Talya Klein: “Collaboration in Isolation is Important and Necessary”

Part of our “Art and Artists are Essential” collection and invitation.

Talya Klein taught THEATRST 275s/AMI 310s: Acting for the Camera this past semester and despite the obstacles, her students produced a stunning original feature film:

“EMERGENCY CONTACTS” was written, directed and acted in our last month of the semester. Each of my 12 students wrote and filmed a scene for themselves and another classmate, using phones, tablets, and computers to record, and then all the pieces were put together, creating a looping, interlocking narrative. This happened across three time zones, six states, and twelve completely separate and diverse home lives.

We created this during the coronavirus crisis, and in a way, it’s about the crisis. It was a big experiment to see if collaboration and filmmaking were possible in times of extreme isolation like this. It is set in the year 2030, during a new, fictional pandemic, but it shares many specific details and exposes many personal concerns and narratives that are happening during this time.

Collaboration in isolation is not only possible, it’s important and necessary to come up with innovative solutions.
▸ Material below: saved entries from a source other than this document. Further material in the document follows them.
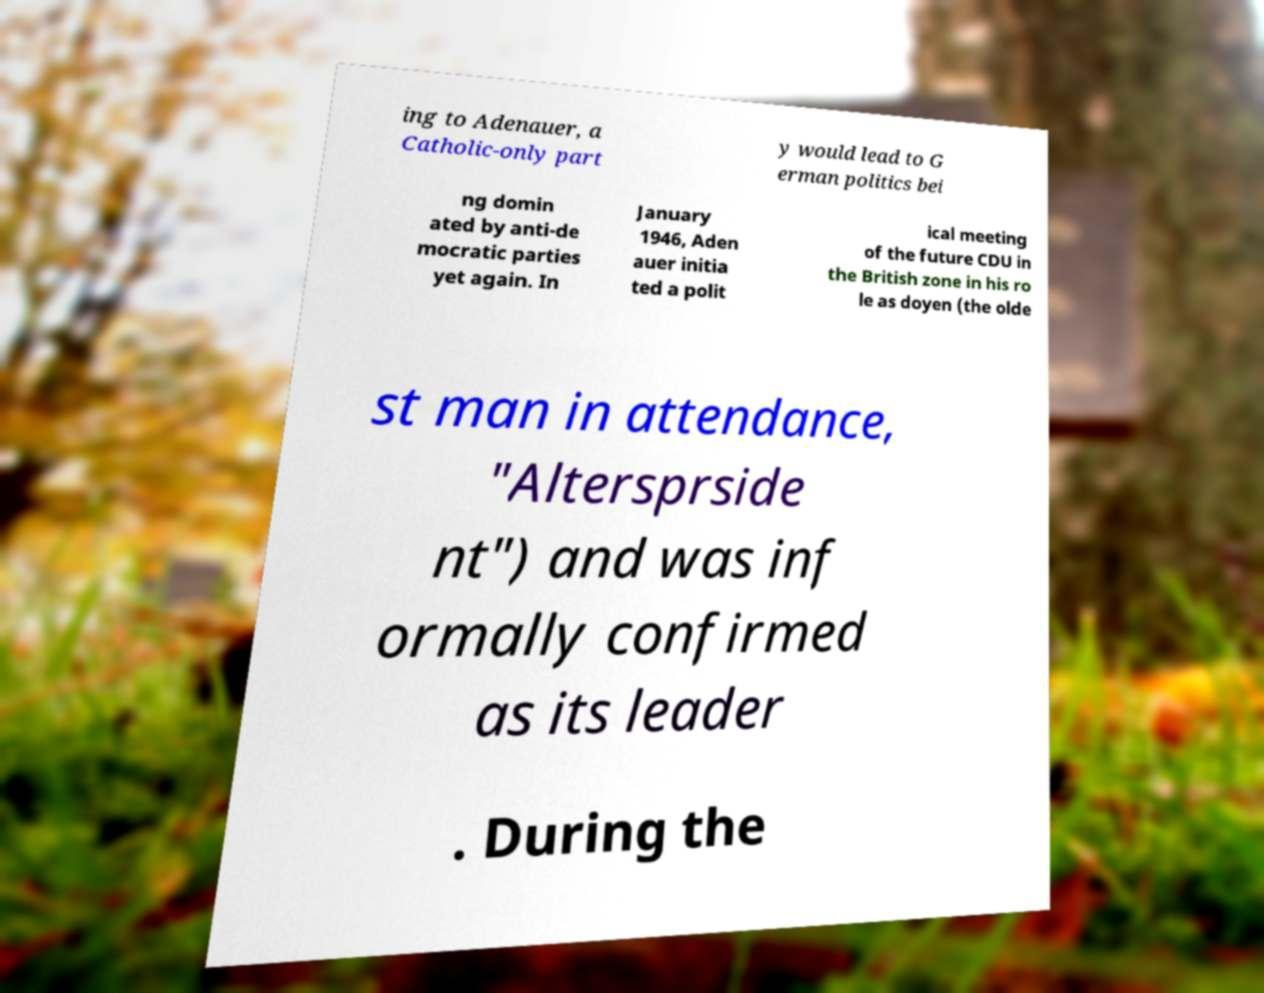What messages or text are displayed in this image? I need them in a readable, typed format. ing to Adenauer, a Catholic-only part y would lead to G erman politics bei ng domin ated by anti-de mocratic parties yet again. In January 1946, Aden auer initia ted a polit ical meeting of the future CDU in the British zone in his ro le as doyen (the olde st man in attendance, "Altersprside nt") and was inf ormally confirmed as its leader . During the 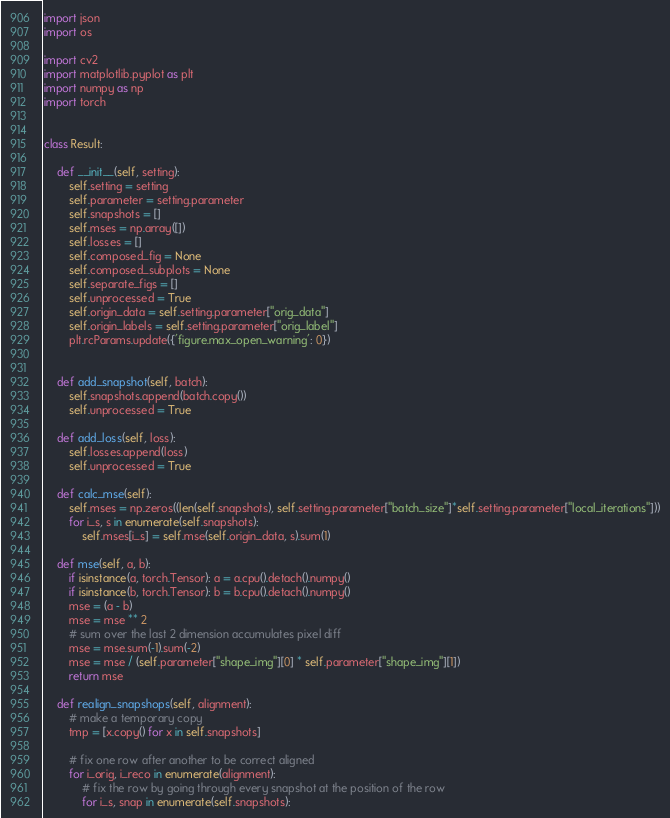<code> <loc_0><loc_0><loc_500><loc_500><_Python_>import json
import os

import cv2
import matplotlib.pyplot as plt
import numpy as np
import torch


class Result:

    def __init__(self, setting):
        self.setting = setting
        self.parameter = setting.parameter
        self.snapshots = []
        self.mses = np.array([])
        self.losses = []
        self.composed_fig = None
        self.composed_subplots = None
        self.separate_figs = []
        self.unprocessed = True
        self.origin_data = self.setting.parameter["orig_data"]
        self.origin_labels = self.setting.parameter["orig_label"]
        plt.rcParams.update({'figure.max_open_warning': 0})


    def add_snapshot(self, batch):
        self.snapshots.append(batch.copy())
        self.unprocessed = True

    def add_loss(self, loss):
        self.losses.append(loss)
        self.unprocessed = True

    def calc_mse(self):
        self.mses = np.zeros((len(self.snapshots), self.setting.parameter["batch_size"]*self.setting.parameter["local_iterations"]))
        for i_s, s in enumerate(self.snapshots):
            self.mses[i_s] = self.mse(self.origin_data, s).sum(1)

    def mse(self, a, b):
        if isinstance(a, torch.Tensor): a = a.cpu().detach().numpy()
        if isinstance(b, torch.Tensor): b = b.cpu().detach().numpy()
        mse = (a - b)
        mse = mse ** 2
        # sum over the last 2 dimension accumulates pixel diff
        mse = mse.sum(-1).sum(-2)
        mse = mse / (self.parameter["shape_img"][0] * self.parameter["shape_img"][1])
        return mse

    def realign_snapshops(self, alignment):
        # make a temporary copy
        tmp = [x.copy() for x in self.snapshots]

        # fix one row after another to be correct aligned
        for i_orig, i_reco in enumerate(alignment):
            # fix the row by going through every snapshot at the position of the row
            for i_s, snap in enumerate(self.snapshots):</code>

Making something together can often be more fun and freeing than working on your own masterpiece alone.

We’re proud of our work, it’s relevant, the first project of its kind I’ve seen at Duke or anywhere else, and it’s quite a feat that we could pull it off during unprecedented times.” Talya Klein

Talya Klein is a professor in Theater Studies Department and Duke (Trinity) Alum ’02.

This film was produced by Talya Klein, edited by Jim Haverkamp in the Art of Moving Image Program & Eric Barstow, Media Director at FHI. It was written, directed and acted by the 12 students in my class “Acting for the Camera” (THEATRST 275s/AMI 310s). Their names are Paige Hetley ’20, Jess Beering ’20, Leila Milanfar ’20, Bianca Umeakuana ’20, Valerie Muensterman ’20, Holly Holder ’20, Tenley Seidel ’22, Tess Johnson ’21, Alexandra Hanzlick ’22, Sibora Seranaj ’20, Sophia Roth ’22, and Samantha Streit ’22.